| Aim of the task |
Copy the entries word for word. Keep the pictures out.

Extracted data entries
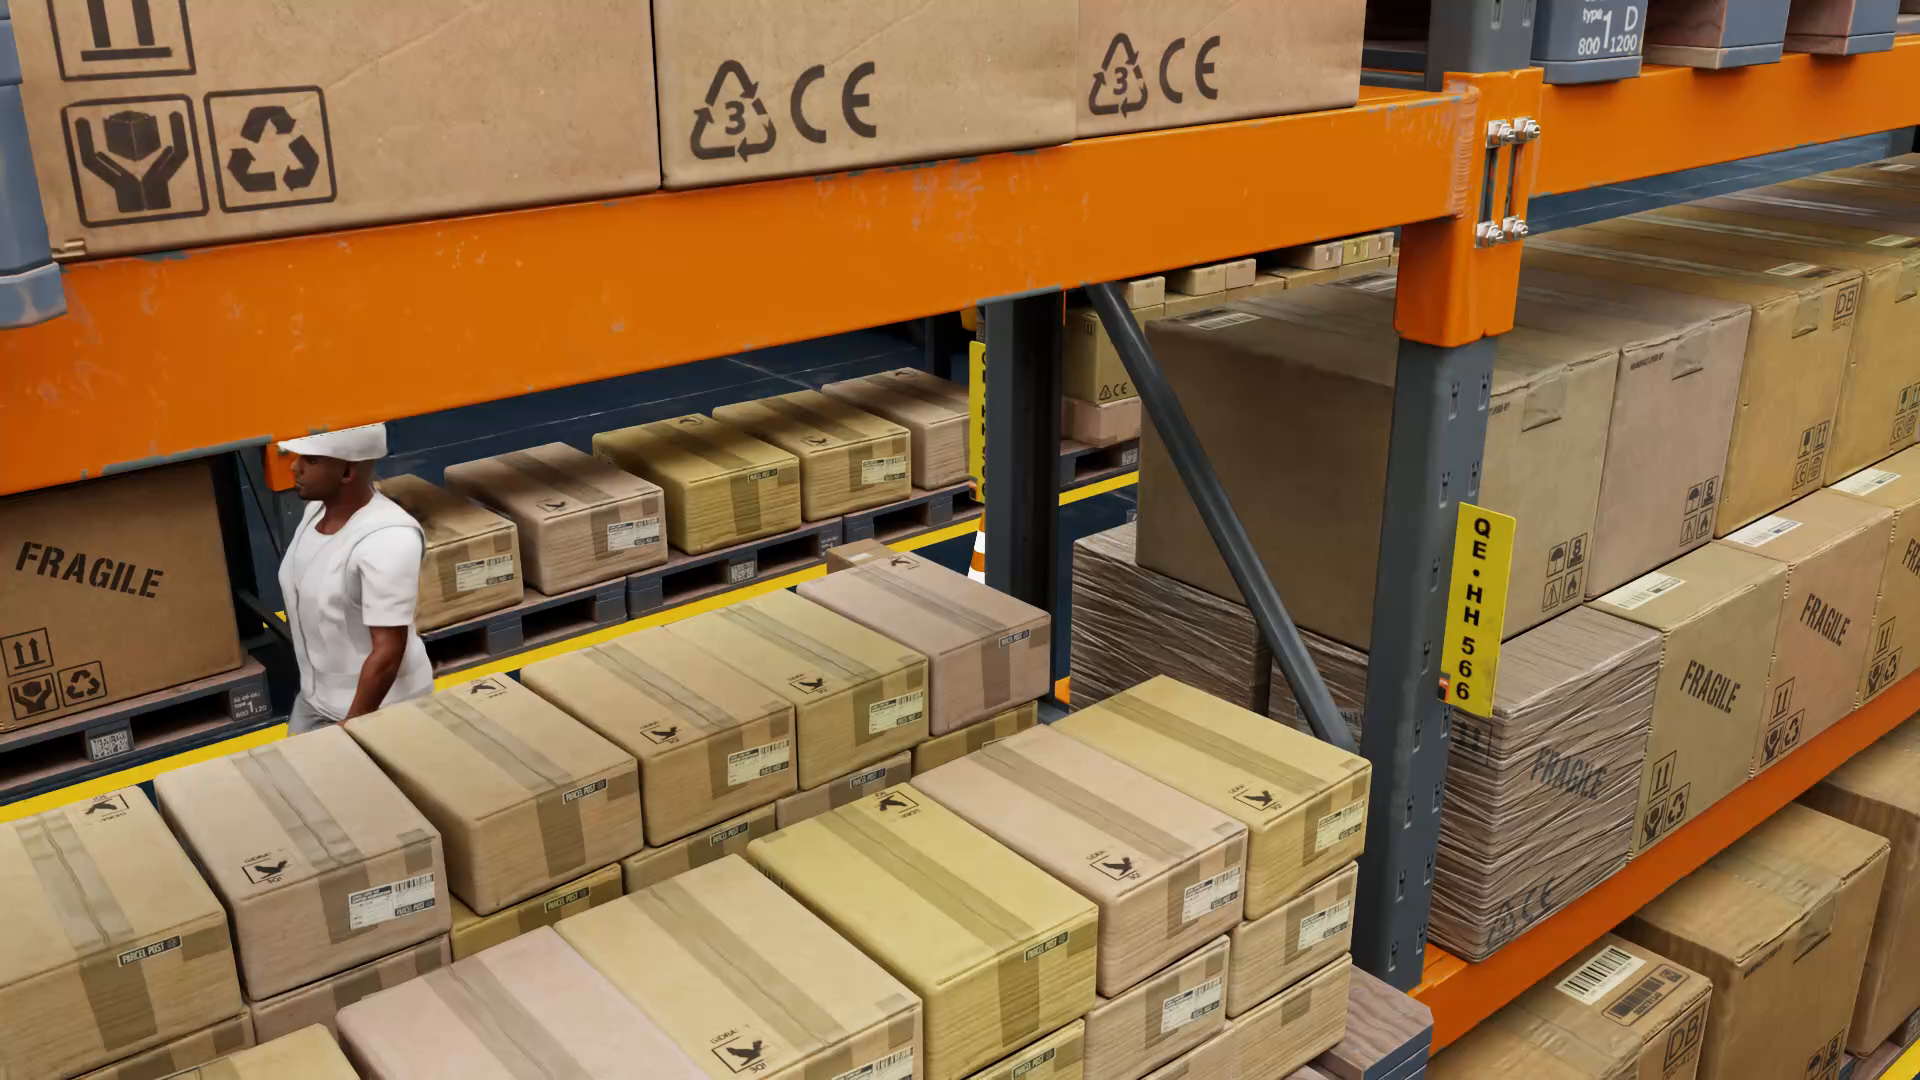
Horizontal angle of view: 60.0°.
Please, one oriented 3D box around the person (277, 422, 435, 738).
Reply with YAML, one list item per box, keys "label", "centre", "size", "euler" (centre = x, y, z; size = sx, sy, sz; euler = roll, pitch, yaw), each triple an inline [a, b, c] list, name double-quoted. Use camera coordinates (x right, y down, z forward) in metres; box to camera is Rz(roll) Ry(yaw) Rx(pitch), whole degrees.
- label: "person"
  centre: [-1.803, 0.471, 4.771]
  size: [0.571, 1.736, 0.928]
  euler: [18, 27, 39]
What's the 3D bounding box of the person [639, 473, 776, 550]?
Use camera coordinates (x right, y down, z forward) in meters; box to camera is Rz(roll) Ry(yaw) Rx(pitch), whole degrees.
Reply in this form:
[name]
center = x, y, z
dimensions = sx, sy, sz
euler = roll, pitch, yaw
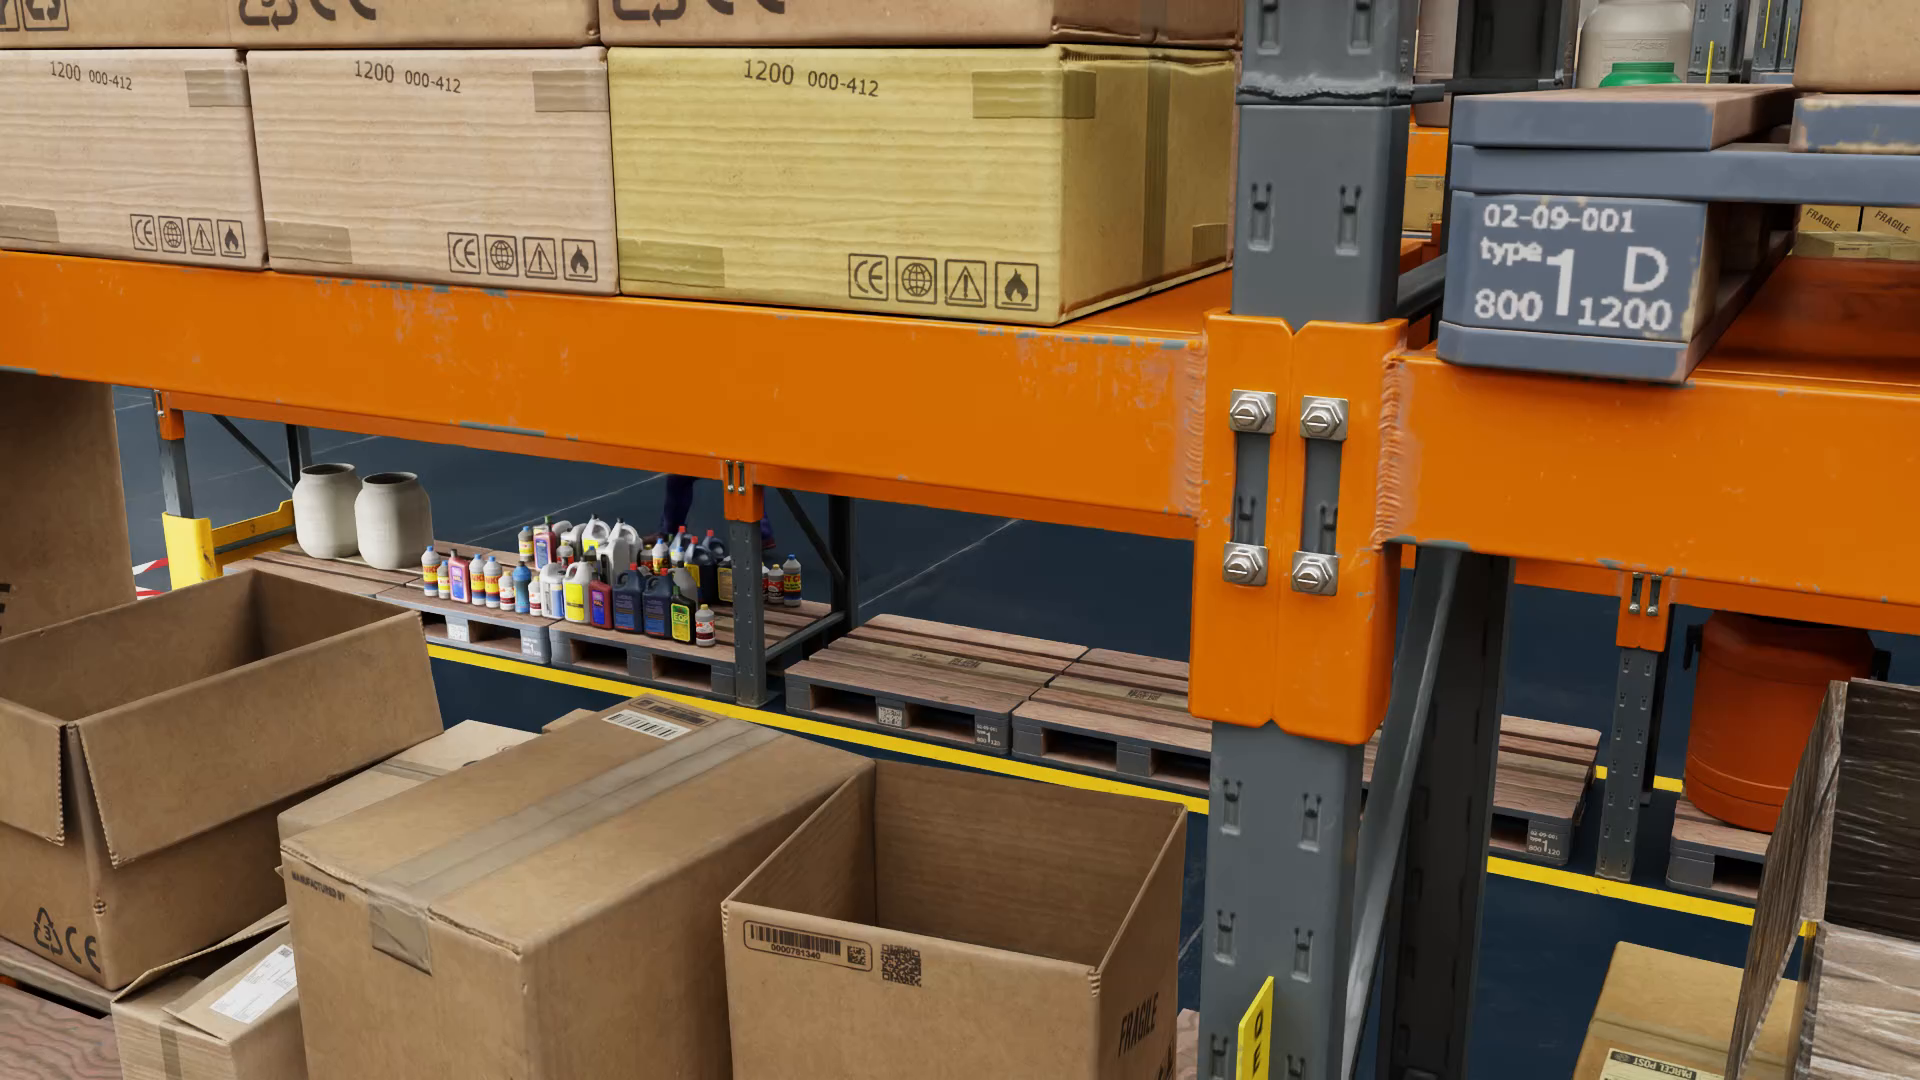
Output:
[person]
center = -1.627, -0.718, 10.571
dimensions = 0.948, 1.601, 0.497
euler = 9, 18, 28
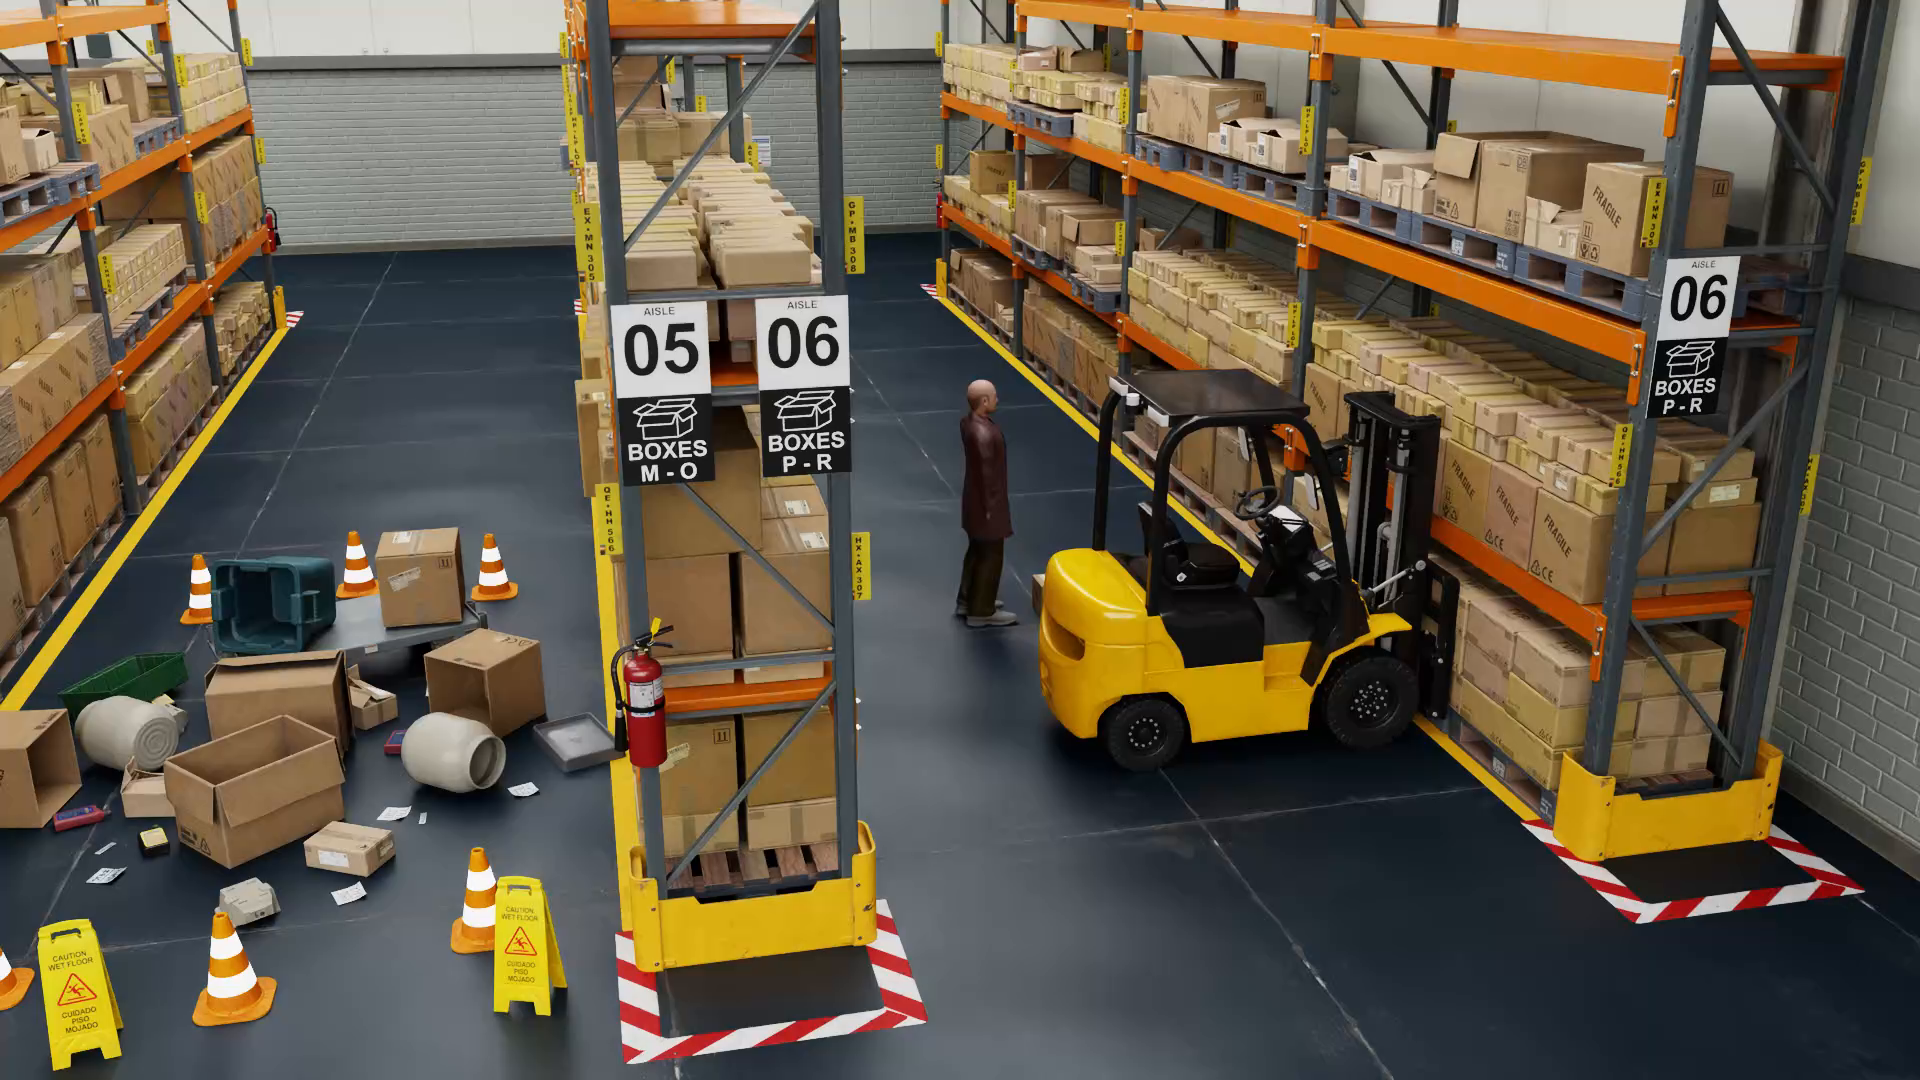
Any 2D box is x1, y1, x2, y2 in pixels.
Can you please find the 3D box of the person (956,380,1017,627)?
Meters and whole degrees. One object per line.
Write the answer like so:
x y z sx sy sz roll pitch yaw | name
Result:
0.184 -0.276 11.886 0.402 1.780 0.562 -4 20 -11 | person
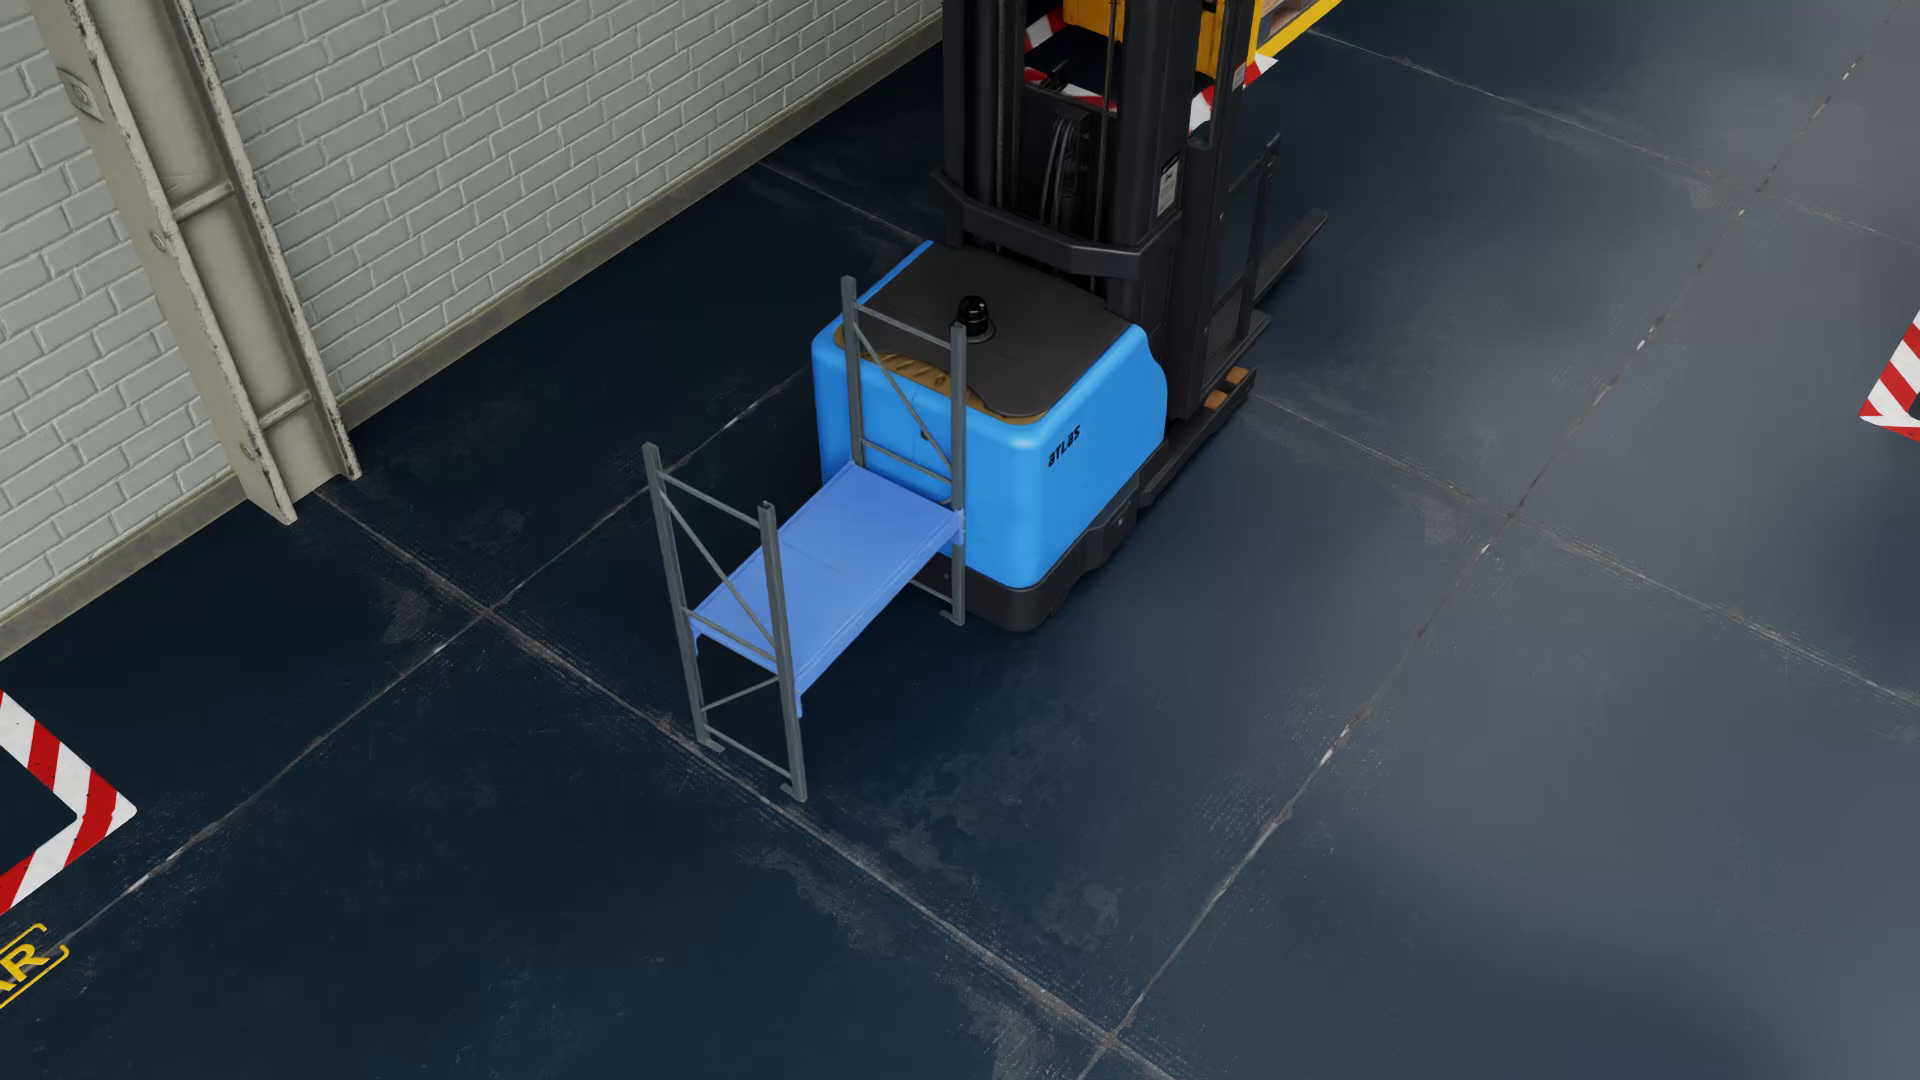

| Response to this task |
Horizontal angle of view: 60.0°.
Please, one oriented 3D box around the person (277, 422, 435, 738).
Reply with YAML, one list item per box, keys "label", "centre", "size", "euler" (centre = x, y, z; size = sx, sy, sz; euler = roll, pitch, yaw), each triple an inline [a, b, c] list, name double-quoted. Use camera coordinates (x right, y down, z forward) in metres; box to camera is Rz(roll) Ry(yaw) Rx(pitch), whole degrees.
- label: "person"
  centre: [-1.803, 0.471, 4.771]
  size: [0.571, 1.736, 0.928]
  euler: [18, 27, 39]
What's the 3D bounding box of the person [639, 473, 776, 550]?
Use camera coordinates (x right, y down, z forward) in meters; box to camera is Rz(roll) Ry(yaw) Rx(pitch), whole degrees.
Reply in this form:
[name]
center = x, y, z
dimensions = sx, sy, sz
euler = roll, pitch, yaw
Output:
[person]
center = -1.627, -0.718, 10.571
dimensions = 0.948, 1.601, 0.497
euler = 9, 18, 28
Any 2D box is x1, y1, x2, y2 in pixels.
Can you please find the 3D box of the person (956,380,1017,627)?
Meters and whole degrees. One object per line.
Write the answer like so:
x y z sx sy sz roll pitch yaw | name
Result:
0.184 -0.276 11.886 0.402 1.780 0.562 -4 20 -11 | person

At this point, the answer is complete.